A Yorum
  Acilis Sayfasi Yap Sik Kullanilanlara Ekle  

   
A yorum Kurum
iletisim
login
yayin ilkeleri...



yazi dizileri

Yazı karekteri : (+) Büyük | (-) Küçük

GOL...

Kategori Kategori: Nalına Mıhına | Yorumlar 0 Yorum | Yazar Yazan: Metin Atamer | 02 Ekim 2012 03:26:55

Futbol merakım yatılı okulda gelişmişti. Öğleden sonra ders bittiğinde, top sahasına iner, futbol oynamaya çalışırdık. Toz toprak içinde normal ayakkabılarımızla oynadığımız bu oyundan zevk alır mıydık bilmiyorum amma, aklımızca oynardık. Hatta çift kale kurar, kıran kırana top oynardık. Genelde kalemize, konuyu fazla bilmese de topu elle tutmayı çok seven bir arkadaşımız geçerdi. O tarihlerde zamana bağlı bir oyun olmaz, 3 golde yarı devre ve kale değişimi, 6 golde biten oyunlar oynanırdı. Akşam karanlığı bassa da gözümüzün görebildiği zamana kadar oynardık.

Bu oyun ancak yemek zili ile kesilirdi. Okulun bahçeye bakan tarafında bulunan ve ‘The Bell Company of Chicago’ firması tarafından imal edilmiş bulunan çan, çapı çok geniş olduğundan, çok uzaklardan da duyulabilirdi. Bu zil, bir arkadaşımız tarafından çalınırdı. Kendisine Zangoç lakabı, bir öğretmen tarafından takılmıştı. Daha sonraları Siyasal Bilgiler Fakültesinden mezun olup, uzun zaman dışişlerinde büyükelçi olarak çalışan bu arkadaşımızı yakın bir tarihte ebediyete gönderdik. Yemek zili çaldığında her etkinlik durur yemeğe giderdik.  

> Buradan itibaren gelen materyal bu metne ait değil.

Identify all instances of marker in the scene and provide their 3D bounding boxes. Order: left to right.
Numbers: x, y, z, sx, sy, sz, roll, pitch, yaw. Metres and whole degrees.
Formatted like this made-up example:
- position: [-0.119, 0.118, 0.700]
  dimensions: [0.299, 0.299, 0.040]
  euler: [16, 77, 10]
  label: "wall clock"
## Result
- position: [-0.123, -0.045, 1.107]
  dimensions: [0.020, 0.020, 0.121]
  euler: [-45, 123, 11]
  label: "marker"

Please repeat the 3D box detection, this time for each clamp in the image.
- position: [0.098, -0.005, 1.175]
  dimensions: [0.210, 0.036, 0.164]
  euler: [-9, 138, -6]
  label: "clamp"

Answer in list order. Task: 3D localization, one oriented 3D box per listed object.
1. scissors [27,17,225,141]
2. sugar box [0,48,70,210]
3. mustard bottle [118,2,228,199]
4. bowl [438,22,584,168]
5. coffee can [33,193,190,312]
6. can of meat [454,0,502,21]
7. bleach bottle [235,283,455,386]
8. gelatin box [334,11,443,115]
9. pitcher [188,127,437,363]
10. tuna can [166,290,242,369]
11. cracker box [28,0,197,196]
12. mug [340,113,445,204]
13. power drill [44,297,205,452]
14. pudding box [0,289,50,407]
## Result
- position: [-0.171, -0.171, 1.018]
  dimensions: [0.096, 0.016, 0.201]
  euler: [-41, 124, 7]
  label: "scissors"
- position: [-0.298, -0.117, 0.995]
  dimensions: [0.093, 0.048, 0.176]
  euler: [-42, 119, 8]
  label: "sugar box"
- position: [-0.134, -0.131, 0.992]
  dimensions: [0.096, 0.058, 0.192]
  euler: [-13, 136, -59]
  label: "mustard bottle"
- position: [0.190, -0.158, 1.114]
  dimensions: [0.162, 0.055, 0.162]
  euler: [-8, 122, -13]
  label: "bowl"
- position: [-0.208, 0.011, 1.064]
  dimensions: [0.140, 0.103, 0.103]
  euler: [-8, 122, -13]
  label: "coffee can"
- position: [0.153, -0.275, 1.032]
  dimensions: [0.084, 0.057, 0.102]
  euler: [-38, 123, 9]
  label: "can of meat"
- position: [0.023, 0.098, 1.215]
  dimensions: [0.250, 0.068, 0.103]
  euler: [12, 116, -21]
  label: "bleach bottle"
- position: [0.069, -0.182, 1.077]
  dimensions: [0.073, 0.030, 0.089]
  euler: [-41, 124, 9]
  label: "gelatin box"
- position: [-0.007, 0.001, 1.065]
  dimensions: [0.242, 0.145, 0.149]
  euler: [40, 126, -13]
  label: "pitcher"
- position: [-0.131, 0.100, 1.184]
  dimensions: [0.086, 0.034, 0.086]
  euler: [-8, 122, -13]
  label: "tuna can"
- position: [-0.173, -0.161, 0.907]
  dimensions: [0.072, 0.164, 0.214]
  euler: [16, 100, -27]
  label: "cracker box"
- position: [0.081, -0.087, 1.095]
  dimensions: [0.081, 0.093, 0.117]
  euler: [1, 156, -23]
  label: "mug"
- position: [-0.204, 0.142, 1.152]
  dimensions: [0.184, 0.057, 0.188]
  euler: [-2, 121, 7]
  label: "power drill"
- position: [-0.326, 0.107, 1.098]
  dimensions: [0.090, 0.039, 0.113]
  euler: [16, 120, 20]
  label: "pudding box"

Yemeğe geç gelmek, bir yatılı talebe için hata olurdu, çünki gelmiyenin yemeği paylaşılırdı. Okulun bir futbol takımı vardı. Genelde şehirde ortaokulumuzun dengi bir başka okulun futbol takımı olmadığından, lise takımları ile maç yapardık. Ben takımda sol bek oynardım. Neden solbek oynardım, onu bu gün bile bilmem. Solak değildim, ama sol ayağımı sağ ayağım kadar kullanabildiğimden olsa gerek, ben hep sol bek yerinde oynadım. Yatılı okulda etüd salonunda bir radyo vardı ve bu radyodan bir talebe mesuldü. Genelde milli maçları bu radyodan dinlerdik. Parazitli olan naklen yayından verilen milli maçları dinlerken stadyumu hayalimizde canlandırırdık.

O tarihlerde, daha sonraları tanıdığım Halit Kıvanç anlatırdı. Tarifleri ve anlatım şekli o kadar güzeldi ki, biz o sahayı görmesek de, orada yaşardık. Sadece oynanan oyunu değil, takımların sahada sıralanışından anladığı takım taktiğini bile izah ederdi. Bazı anlatımlarında golün gelebileceğini tahmin bile ederdi. Bazen maç var diye hocalarımızı kandırdığımız bile olur, ders yerine radyo başına toplanırdık. Kimi zaman da hoca radyonun sınıfa getirilmesini kabul eder, o da bizlerle beraber maç heyecanına katılırdı.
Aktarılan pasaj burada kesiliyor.